这对季淮清倒是个难得的体验,怎么说呢,季淮清的性子,说好听点叫耿直率真,恣意潇洒,另一个意思就是大大咧咧,没心没肺,万事不足已挂心。

  所以季淮清,在床上翻来滚去,虽然习武之人一天不睡觉不会有什么影响,但是这种感觉是很不好的,尤其是他失眠的原因。

  季淮清现在只要一闭眼,眼前就是叶闲那副略带狼狈的虚弱模样,看上去真的很严重,说句有些犯忌讳的话,简直有些像是大限将至,可赵以浔和曹煊他们都说叶闲不会有事,应该是自己多想了。

  总而言之,季淮清现在矛盾至极,想要去看看叶闲,却又极力说服自己没事,季淮清纠结了小半个时辰,然后起身,从钱袋里拿了一枚铜钱,正面就去,反面就安心睡觉。

  季淮清用力把铜钱抛入空中,铜钱落地,他看都不看就开始穿衣,他不得不承认,即使落地的铜钱是反面朝上,他今天也是非要去亲自看一眼的。

  三下五除二的穿好衣服,轻手轻脚的出门,结果刚刚出了房间,就看到曹煊已经坐在院子里纳凉的石桌上了,桌上还有一壶酒,两只酒杯,他早就料到有人会来,见了季淮清也不惊讶,摆了摆手,招呼他过去。

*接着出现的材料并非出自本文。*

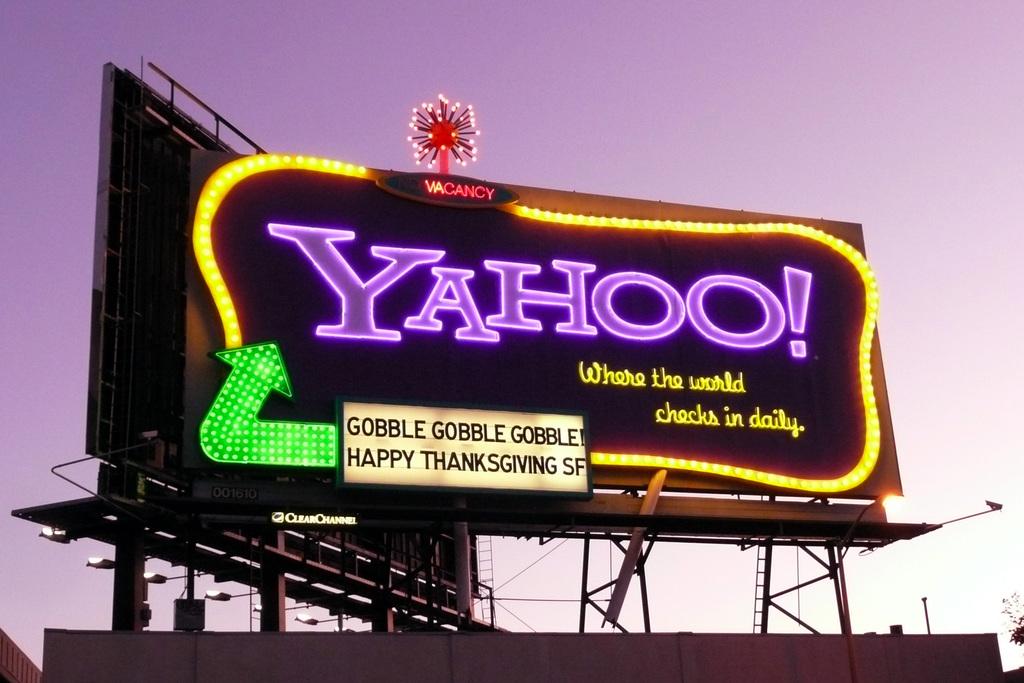What is written in the pink letters?
Your answer should be very brief. Yahoo. What company is advertised on this billboard?
Offer a very short reply. Yahoo.

  “三哥,你又知道了。”季淮清到是毫不意外曹煊的举动,他知道只要曹煊想,自己的一举一动,所思所想,压根瞒不过曹煊。

  “是二哥的事情。”曹煊伸手给季淮清到酒,上好的酒水,香味清列醇厚。

  在曹煊面前撒谎是毫无必要,而且极为愚蠢的一件事情,季淮清实话实说:“二哥的状态,白天看上去很不好,我不放心,想要去看看。”

  曹煊笑了笑,习惯性地摸着自己左手食指上的铁指环,神色深藏,季淮清看不透,也不想看。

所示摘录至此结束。